“A SAINT VALENTINE’S DAY GIFT FOR MY UNCLE TONY,” BY JOSEPH SCIUTO

A CURIOUS VIEW: A VALENTINE’S GIFT FOR MY UNCLE TONY

Forty–six years ago, on a mild, sunny Valentine’s Day in the Bronx, my Uncle Tony died.

And I cried and cried.

He was a bigger-than-life character, and he looked like a movie star. His hands were unusually large…like the hands of a prizefighter…and when he gripped the quart-size bottle of Rheingold beer that he had with his dinner every night, his hands covered the entire bottle.

He loved to fish and swim, and he especially liked company. He walked with a noticeable limp…a polio victim when he was just a child. He always lived with his parents (my grandparents), and his youngest sister, Rena (my aunt).

My Uncle Tony worked as a doorman at the ritzy ‘Sutton Place’ in midtown Manhattan. Occasionally, he would tell me about a famous movie star or ballplayer he had met, and how unimpressed he usually was…something I would learn first-hand years later.

He adored his mother and, as she would reprimand him from the makeshift living room where she was watching television, he always would reply, “I would never give the child any beer, Mom.”

Of course, he was lying and would give me a sip of beer, then stick a piece of garlic in my mouth from the nearby tomato sauce.

He would whisper to me, “Your grandma is the greatest woman in the world, and the only thing I ask of God is to let me die before she does.” Then, he would touch the large crucifix around his neck and kiss it softly.

Uncle Tony preached to me about the virtue of being a strong man. How a real man would never hit a woman…only a coward would do such a thing. He hated cowards, and he used to tell me over and over that the worst thing a man could be is a coward.

He told me wonderful stories about the old Bronx when he was growing up… how he would hit long homeruns in the park where they played, and then he would have my Uncle Sonny run the bases for him.

My parents, my brothers and I lived directly above my grandparents in an old apartment building. I was always down in my grandparent’s place, and I used to sit with my Uncle Tony every night when he got home from work, which was usually around eight o’clock.

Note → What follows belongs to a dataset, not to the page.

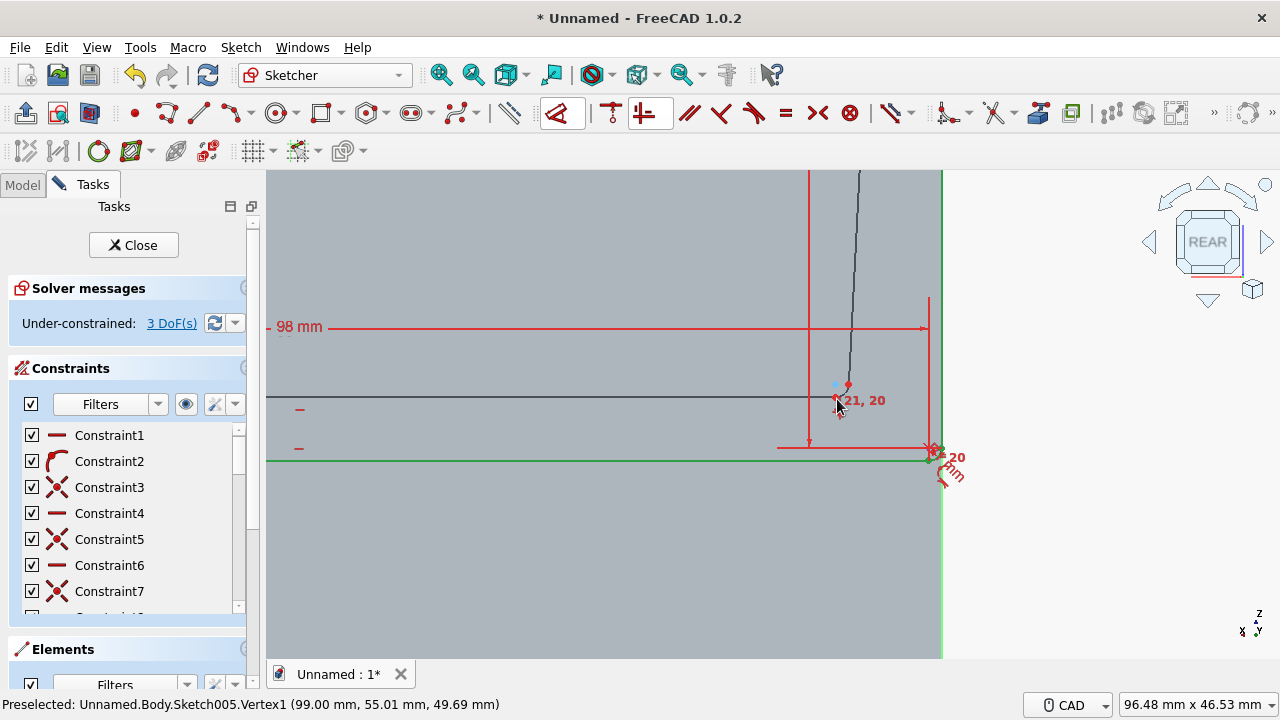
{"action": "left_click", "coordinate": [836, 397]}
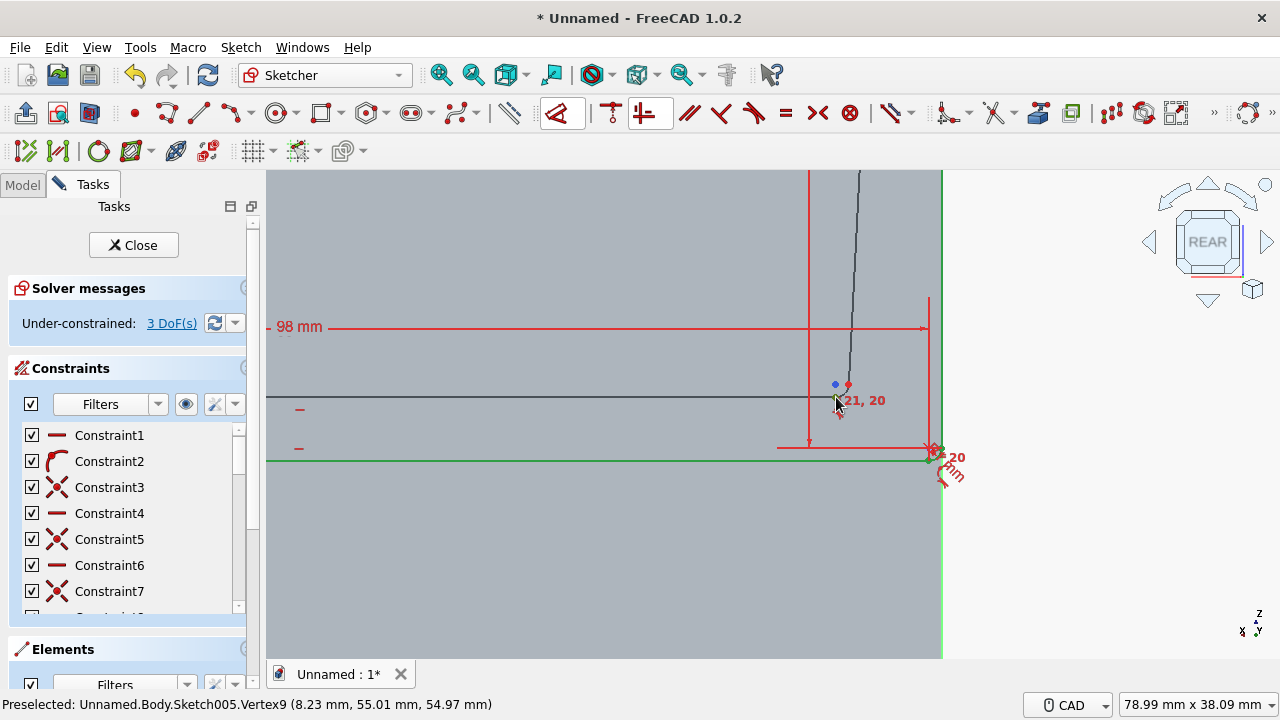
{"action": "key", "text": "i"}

My grandma always had dinner waiting for him. He was off on Mondays and Sundays, and those were the really great days because I could spend more time with him.

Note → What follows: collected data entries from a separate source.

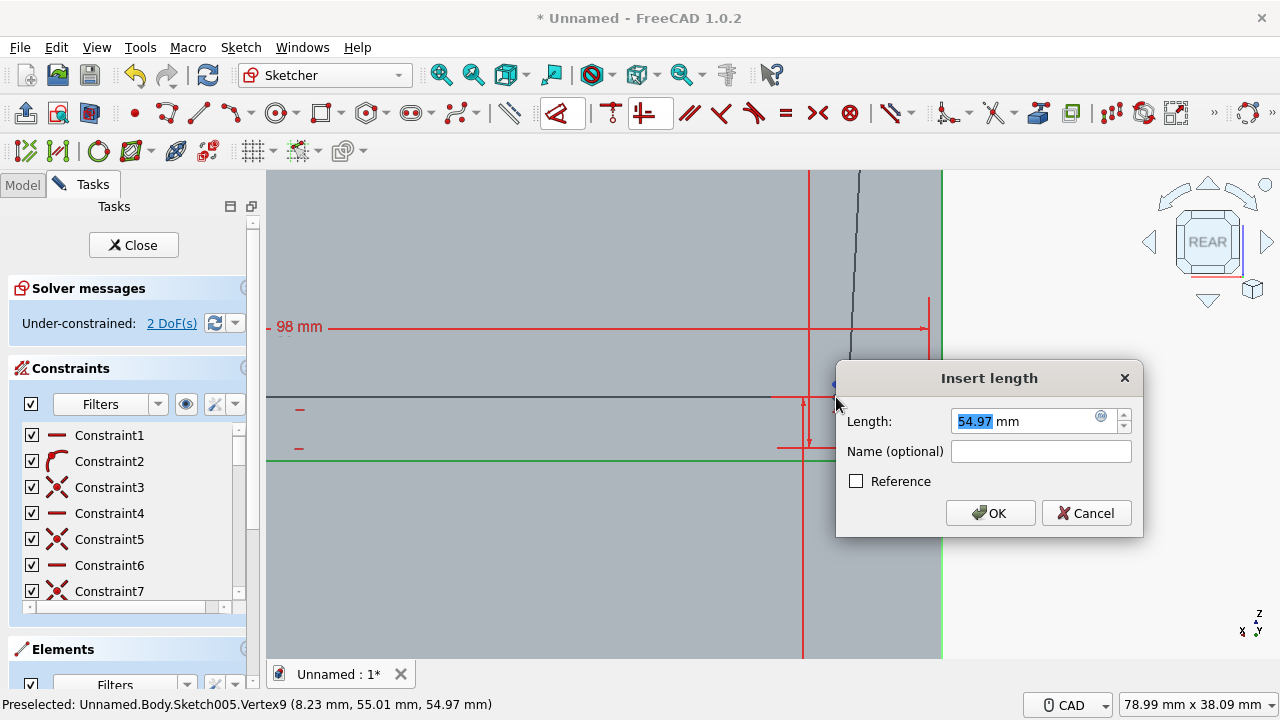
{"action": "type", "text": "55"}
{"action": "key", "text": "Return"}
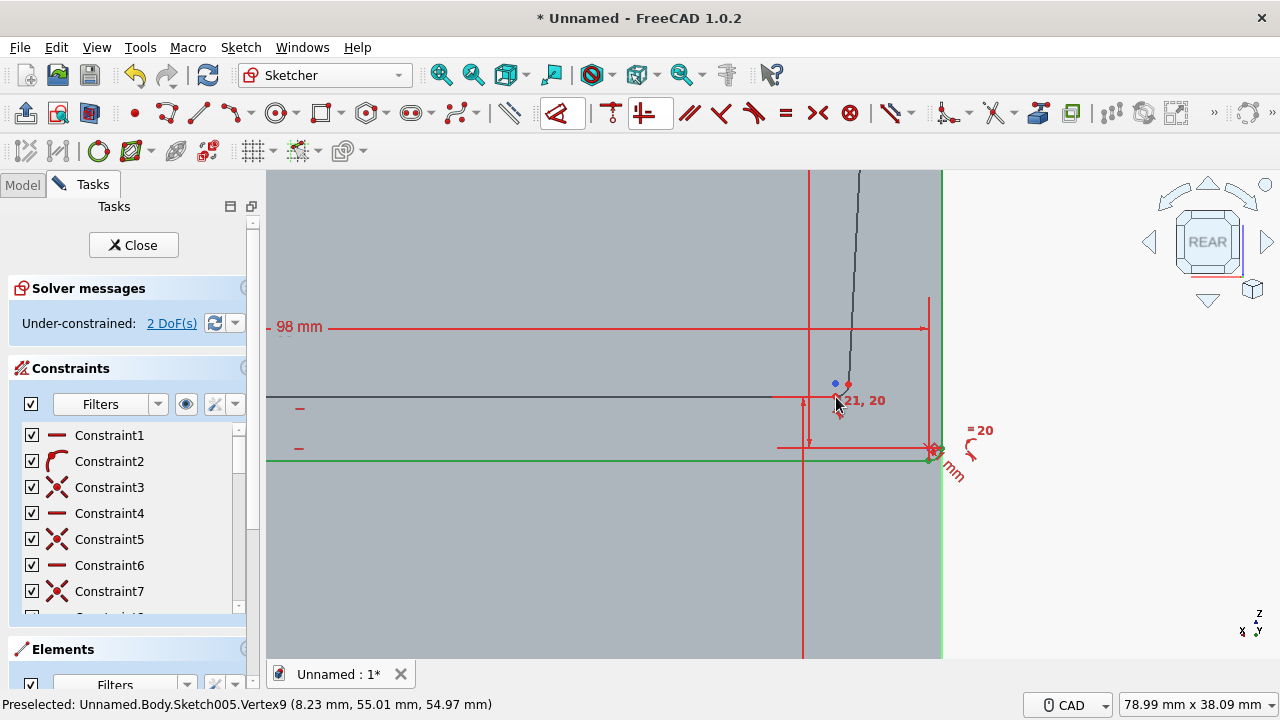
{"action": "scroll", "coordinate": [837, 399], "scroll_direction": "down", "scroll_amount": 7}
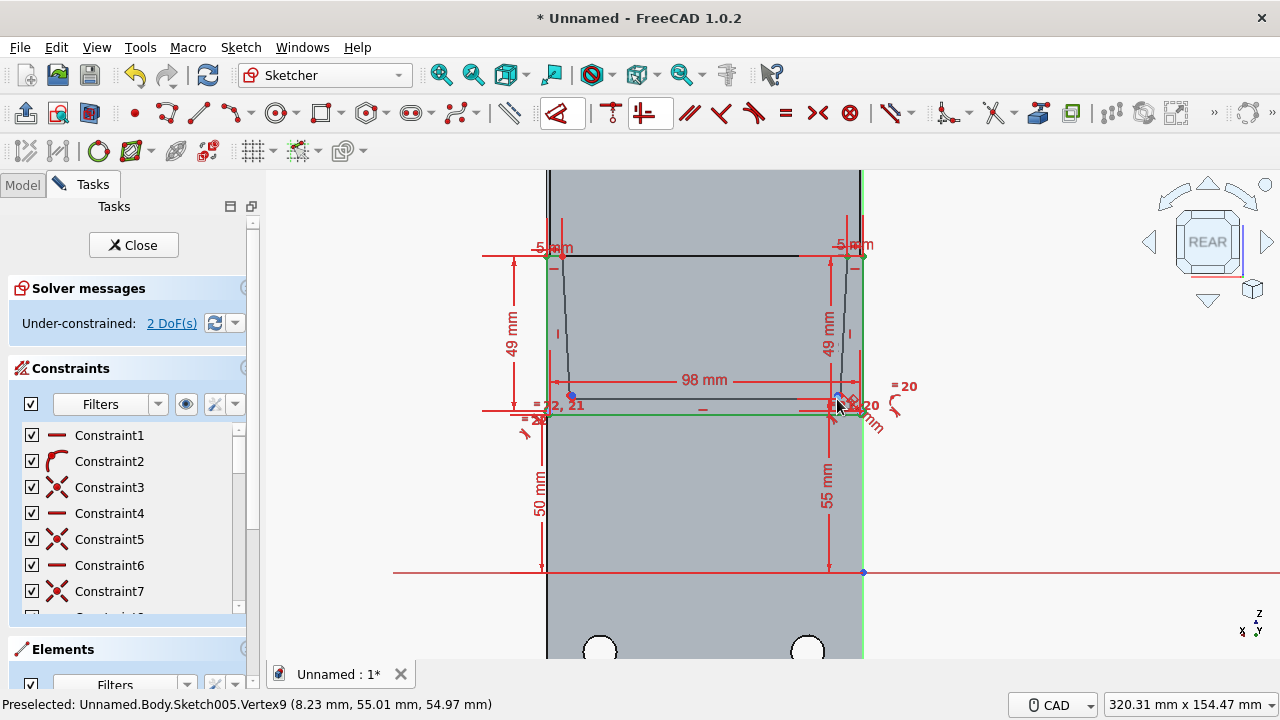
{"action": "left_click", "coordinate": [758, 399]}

He promised me that he would teach me how to fish and swim like a champion. “I was just a year away” as he used to put it.

On a Monday afternoon as I rushed home from school to have lunch, my Uncle Tony had a massive stroke.

Three days later on St. Valentine’s Day, he passed away.

Today, whenever I visit the Bronx, I always go to the cemetery to visit my uncle’s grave. The tears still come as I look down at his name, engraved on the tombstone directly below the name of my grandmother.

And I always think of an old saying from the Bible, “In death, they were not parted.”